Add this event to your calendar.

This public program is made possible through generous support from Jane Hait, a founding member of Triple Canopy Director’s Circle; the Andy Warhol Foundation for the Visual Arts; the Horace W. Goldsmith Foundation; the Jacques Louis Vidal Charitable Fund; the Lambent Foundation Fund of Tides Foundation; the National Endowment for the Arts; the New York City Department of Cultural Affairs in partnership with the City Council; the New York State Council on the Arts; and the Opaline Fund of the Jewish Community Endowment Federation and Endowment Fund.


Participants
  • Paige K. B. is an artist, writer, and erstwhile editor from Los Angeles. She has been an editor at Artforum and Garage, and her writing has been published in numerous magazines and books since 2013. Her recent exhibitions include an illegal installation at 13 East 31st Street and a legal one at the Canal Street Research Association, a space run by the group Shanzhai Lyric. She is currently assembling a body of work for Documenta 13.

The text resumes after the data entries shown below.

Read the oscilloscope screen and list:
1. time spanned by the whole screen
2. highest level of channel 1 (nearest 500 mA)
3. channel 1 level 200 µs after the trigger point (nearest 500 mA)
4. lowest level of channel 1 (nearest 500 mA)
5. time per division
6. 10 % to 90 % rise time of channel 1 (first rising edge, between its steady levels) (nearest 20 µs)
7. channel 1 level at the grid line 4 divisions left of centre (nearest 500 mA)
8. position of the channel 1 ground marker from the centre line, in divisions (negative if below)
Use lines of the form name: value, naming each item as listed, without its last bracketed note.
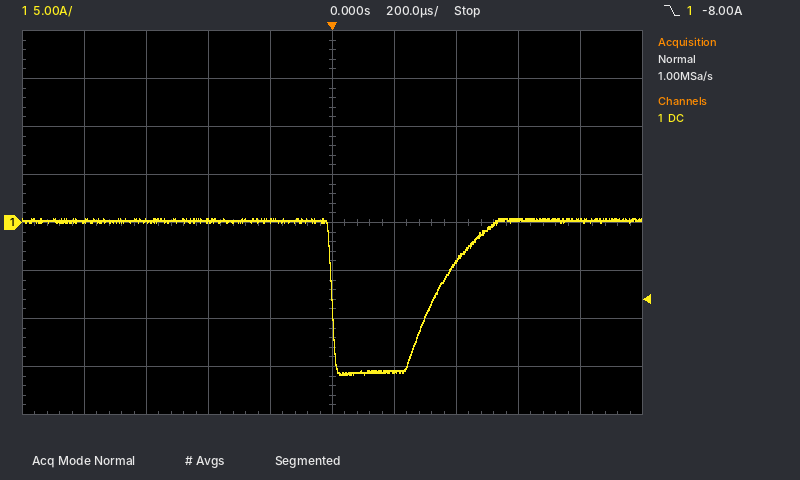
time spanned by the whole screen: 2 ms
highest level of channel 1: 500 mA
channel 1 level 200 µs after the trigger point: -15.5 A
lowest level of channel 1: -16.0 A
time per division: 200 µs
10 % to 90 % rise time of channel 1 (first rising edge, between its steady levels): 220 µs
channel 1 level at the grid line 4 divisions left of centre: 0.0 A
position of the channel 1 ground marker from the centre line, in divisions: 0.0 div
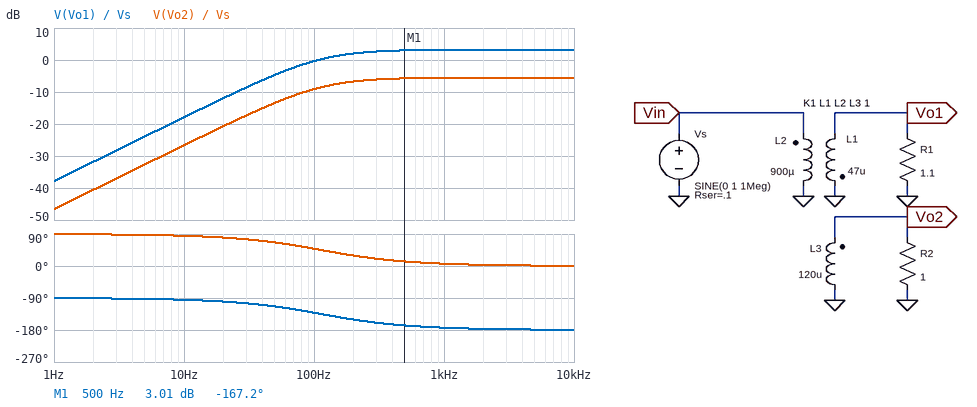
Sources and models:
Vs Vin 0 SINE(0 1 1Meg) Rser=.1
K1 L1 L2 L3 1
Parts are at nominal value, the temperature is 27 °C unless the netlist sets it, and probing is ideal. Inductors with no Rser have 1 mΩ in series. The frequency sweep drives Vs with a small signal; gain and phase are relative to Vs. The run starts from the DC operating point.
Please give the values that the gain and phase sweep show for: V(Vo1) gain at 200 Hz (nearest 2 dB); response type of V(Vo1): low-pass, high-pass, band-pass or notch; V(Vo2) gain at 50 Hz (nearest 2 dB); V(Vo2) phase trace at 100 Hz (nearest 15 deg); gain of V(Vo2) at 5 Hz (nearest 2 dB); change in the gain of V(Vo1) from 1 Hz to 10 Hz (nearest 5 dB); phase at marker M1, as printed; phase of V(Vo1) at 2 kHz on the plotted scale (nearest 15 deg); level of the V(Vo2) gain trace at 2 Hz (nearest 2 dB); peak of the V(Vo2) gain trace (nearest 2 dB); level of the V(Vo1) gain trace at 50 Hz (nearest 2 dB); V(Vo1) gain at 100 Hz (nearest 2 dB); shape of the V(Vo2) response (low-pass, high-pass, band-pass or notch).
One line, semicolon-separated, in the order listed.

2 dB; high-pass; -14 dB; 45 deg; -32 dB; 20 dB; -167.2 deg; -180 deg; -40 dB; -6 dB; -4 dB; 0 dB; high-pass
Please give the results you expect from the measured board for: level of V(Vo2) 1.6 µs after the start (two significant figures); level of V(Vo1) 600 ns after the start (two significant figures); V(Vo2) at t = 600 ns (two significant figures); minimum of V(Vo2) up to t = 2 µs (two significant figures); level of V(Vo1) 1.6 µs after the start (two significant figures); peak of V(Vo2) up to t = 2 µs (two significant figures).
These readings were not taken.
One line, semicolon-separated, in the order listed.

-310 mV; 850 mV; -310 mV; -530 mV; 850 mV; 530 mV
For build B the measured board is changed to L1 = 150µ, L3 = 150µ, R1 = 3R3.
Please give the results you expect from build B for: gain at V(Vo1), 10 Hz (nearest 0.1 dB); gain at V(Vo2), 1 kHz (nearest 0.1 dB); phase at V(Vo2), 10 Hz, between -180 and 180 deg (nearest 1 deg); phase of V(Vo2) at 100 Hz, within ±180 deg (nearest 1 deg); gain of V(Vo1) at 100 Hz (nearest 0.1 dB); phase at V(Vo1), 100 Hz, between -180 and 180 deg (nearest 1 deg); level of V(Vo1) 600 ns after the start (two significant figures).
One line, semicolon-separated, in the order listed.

-12.9 dB; -2.2 dB; 83 deg; 40 deg; 3.3 dB; -140 deg; 1.1 V
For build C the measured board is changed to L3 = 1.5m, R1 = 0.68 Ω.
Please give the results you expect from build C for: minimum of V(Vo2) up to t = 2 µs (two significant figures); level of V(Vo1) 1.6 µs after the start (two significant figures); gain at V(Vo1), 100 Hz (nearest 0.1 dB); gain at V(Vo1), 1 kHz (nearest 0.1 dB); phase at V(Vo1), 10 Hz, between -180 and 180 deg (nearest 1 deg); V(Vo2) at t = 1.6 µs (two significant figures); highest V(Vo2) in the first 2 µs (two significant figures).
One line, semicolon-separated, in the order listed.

-800 mV; 360 mV; -5.1 dB; -4.2 dB; -102 deg; -470 mV; 800 mV
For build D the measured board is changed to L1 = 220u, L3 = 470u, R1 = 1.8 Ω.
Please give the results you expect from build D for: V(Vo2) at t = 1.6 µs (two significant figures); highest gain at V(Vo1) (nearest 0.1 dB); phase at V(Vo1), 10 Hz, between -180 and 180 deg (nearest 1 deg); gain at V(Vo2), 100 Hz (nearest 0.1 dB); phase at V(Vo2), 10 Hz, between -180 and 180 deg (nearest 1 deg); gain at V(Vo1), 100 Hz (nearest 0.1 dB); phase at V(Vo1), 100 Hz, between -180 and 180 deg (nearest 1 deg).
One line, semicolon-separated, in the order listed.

-590 mV; 2.9 dB; -101 deg; -0.9 dB; 79 deg; 1.9 dB; -153 deg
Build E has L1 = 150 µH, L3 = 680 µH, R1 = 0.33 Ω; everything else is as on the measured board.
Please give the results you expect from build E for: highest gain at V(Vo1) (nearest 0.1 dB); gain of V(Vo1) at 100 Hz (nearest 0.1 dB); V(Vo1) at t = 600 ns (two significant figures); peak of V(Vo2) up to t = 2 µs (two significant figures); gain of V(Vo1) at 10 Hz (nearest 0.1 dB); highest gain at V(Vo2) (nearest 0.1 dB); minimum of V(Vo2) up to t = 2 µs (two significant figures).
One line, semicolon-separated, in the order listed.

-2.6 dB; -3.0 dB; 440 mV; 650 mV; -13.2 dB; -3.8 dB; -650 mV

  • Tiffany Sia an artist, filmmaker, writer, and founder of Speculative Place, a project space in Hong Kong. She is the author of Salty Wet 咸濕 (Inpatient Press, 2019) the book-length sequel, Too Salty Too Wet 更咸更濕 (Speculative Place, 2021), which serves as the basis for her exhibition “Slippery When Wet” at Artists Space. Sia is the director of the short, experimental film Never Rest/Unrest (2020), which has screened at Berwick Film & Media Arts Festival and will have its North American premiere at MoMA Documentary Fortnight. She is also part of Home Cooking, an artist collective founded by Asad Raza, and contributes to the group’s performance and reading series Hell Is a Timeline.